When ions generated in the plasma bombard the surfaces of the rotors 11 and 31, the bombardment of the ions causes damage to the surfaces of the rotors 11 and 31. The remote plasma device 110 traps the ions that damage the rotors 11 and 31 in the plasma area PA to suppress the damage to the rotors 11 and 31, and diffuses the electrons and radicals with cleaning functions to perform cleaning.

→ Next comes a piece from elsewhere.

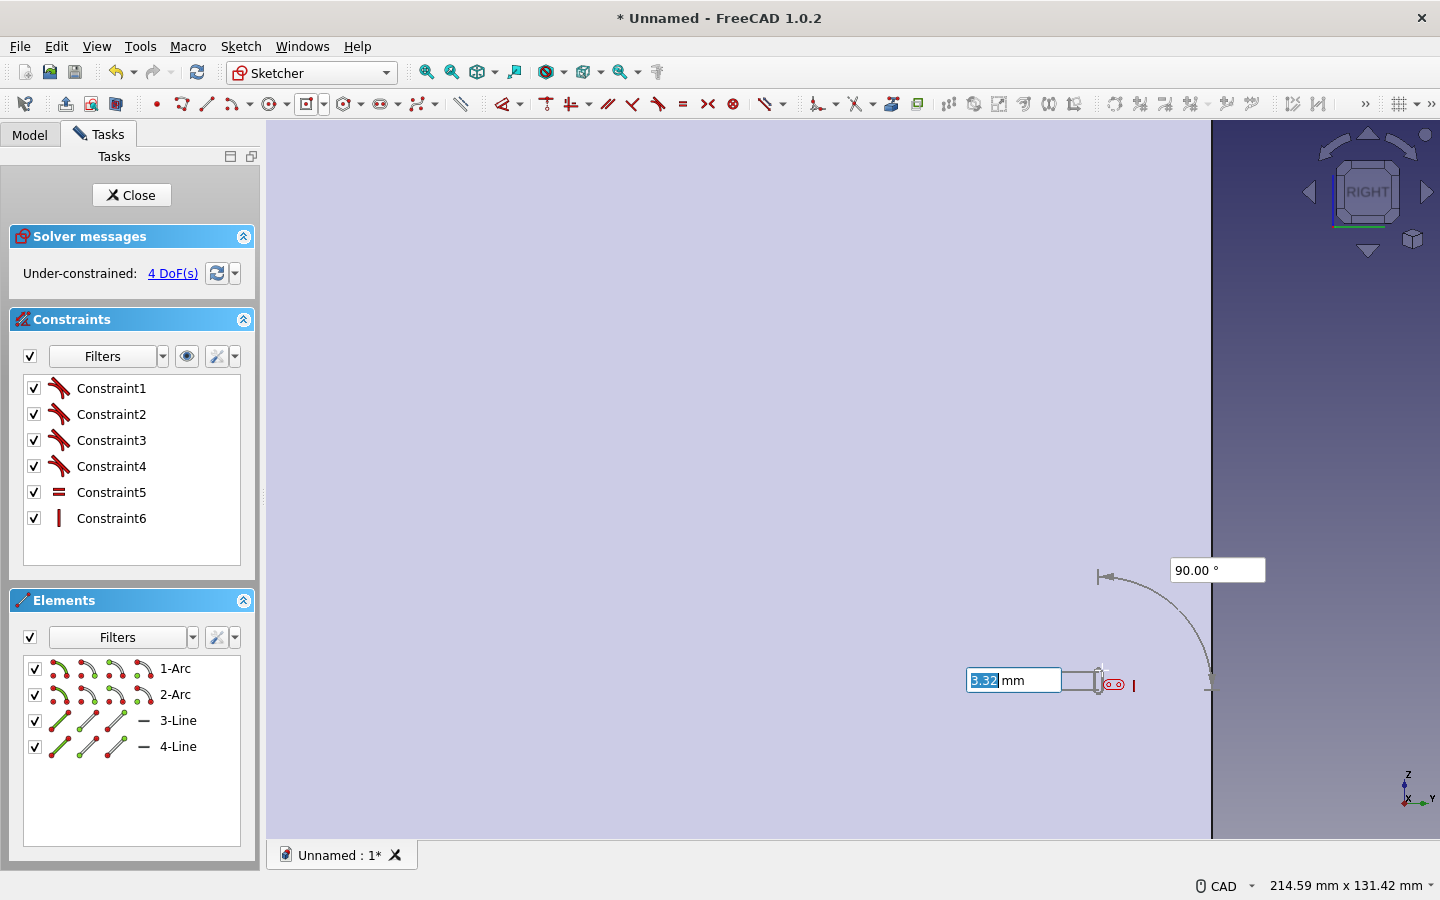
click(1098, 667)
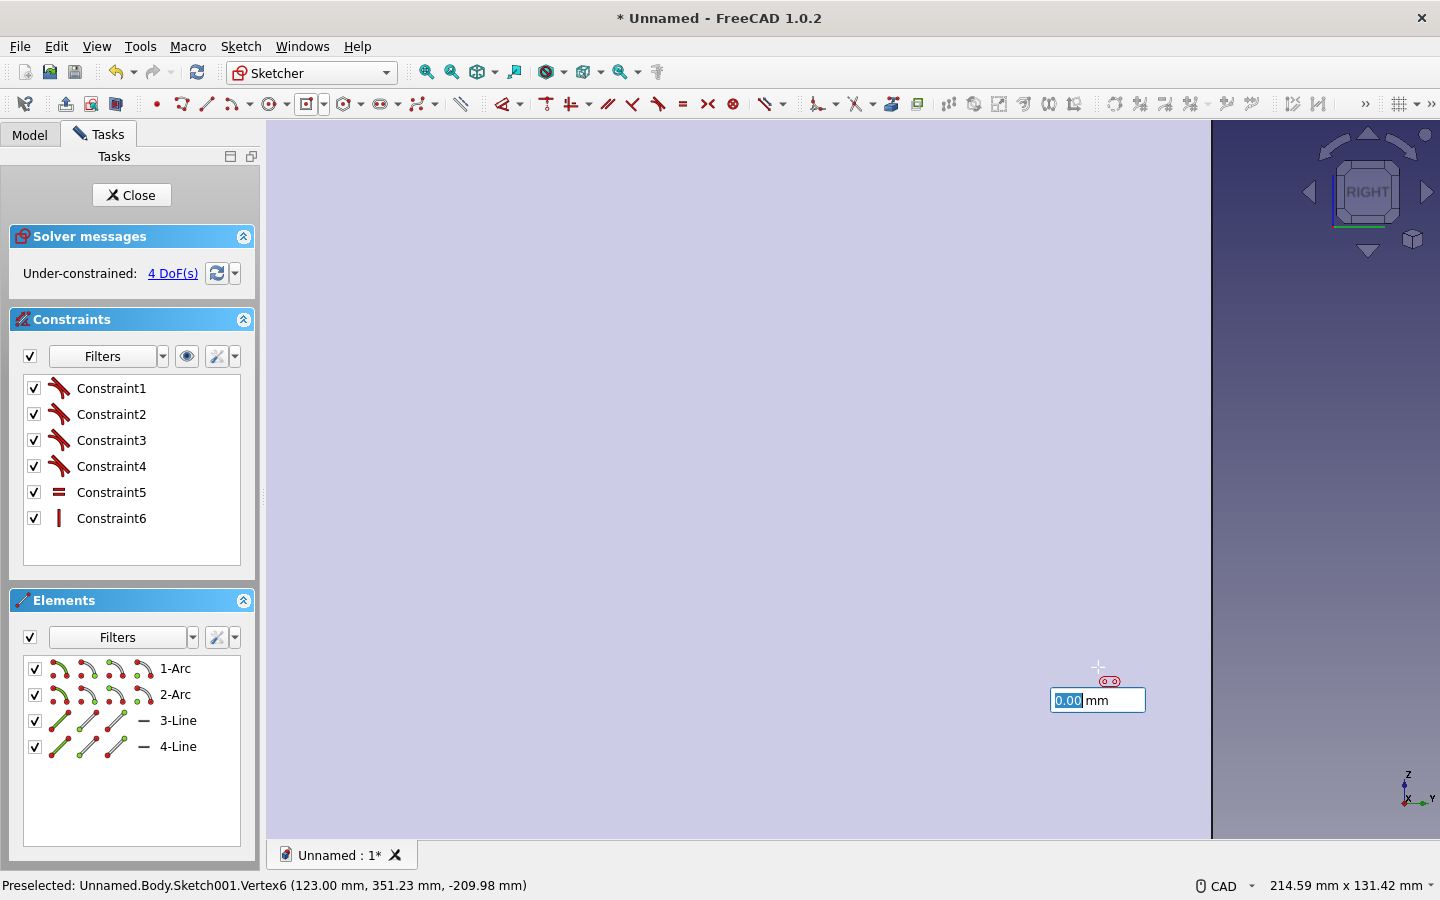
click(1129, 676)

In general, the deposition process performed in the vacuum chamber includes four steps such as deposition, primary purge, cleaning, and secondary purge. The cleaning gas used in the cleaning step may include nitrogen trifluoride (NF ₃ ), sulfur hexafluoride (SF ₆ ), chlorine trifluoride (ClF ₃ ), oxygen (O ₂ ), and the like.

The cleaning of the vacuum pump system 100 may be performed in a cleaning step that receives cleaning gas from the vacuum chamber. Then, at least one of fluorine radical, chlorine radical and oxygen radical will be generated from the plasma. These radicals diffuse through the vacuum tube 20 to the rotors 11 and 31 of the front-end pump 10 and the rear-end pump 30, and evenly contact the surfaces of the rotating rotors 11 and 31 to clean the surfaces of the rotors 11 and 31. At this time, the cleaning ability is further improved due to the diffusion of electrons.

For the vacuum pump system 100 of the first embodiment, there is no need to stop the operation of the vacuum chamber, plasma is generated in the cleaning step of the vacuum chamber to clean the rotors 11, 31, and the rotors 11, 31 are not damaged due to ion bombardment . Therefore, the service life and maintenance cycle of the front-end pump 10 and the back-end pump 30 can be increased, and the pause period of the vacuum chamber caused by the maintenance can also be shortened.

Fig. 4 is a structural diagram of a remote plasma device according to a second embodiment of the present invention.

Referring to FIG. 4, the remote plasma device 120 of the second embodiment includes at least one third opening 70 for injecting cleaning gas. The third opening 70 is located further away from the vacuum tube 20 than the high-voltage electrode 60, and the cleaning gas injected through the third opening 70 decomposes into free radicals through the entire plasma area PA.

The third opening 70 may be located on the insulator 50 or the metal tube portion 71 with the third opening 70 pre-processed may be coupled between the second tubular portion 51 and the end cover portion 52 of the insulator 50. The second scenario is exemplified in Figure 3. A plurality of third openings 70 may be provided along the circumferential direction of the metal tube portion 71.

The cleaning gas as a gas containing fluorine, chlorine or oxygen may include nitrogen trifluoride (NF ₃ ), sulfur hexafluoride (SF ₆ ), chlorine trifluoride (ClF ₃ ) and the same as the cleaning gas of the vacuum chamber. Oxygen (O ₂ ). The cleaning gas injected through the third opening 70 is decomposed by plasma into fluorine radicals, chlorine radicals, oxygen radicals, etc., and diffuses through the vacuum tube 20 to the rotors 11, 31 (see FIG. 1).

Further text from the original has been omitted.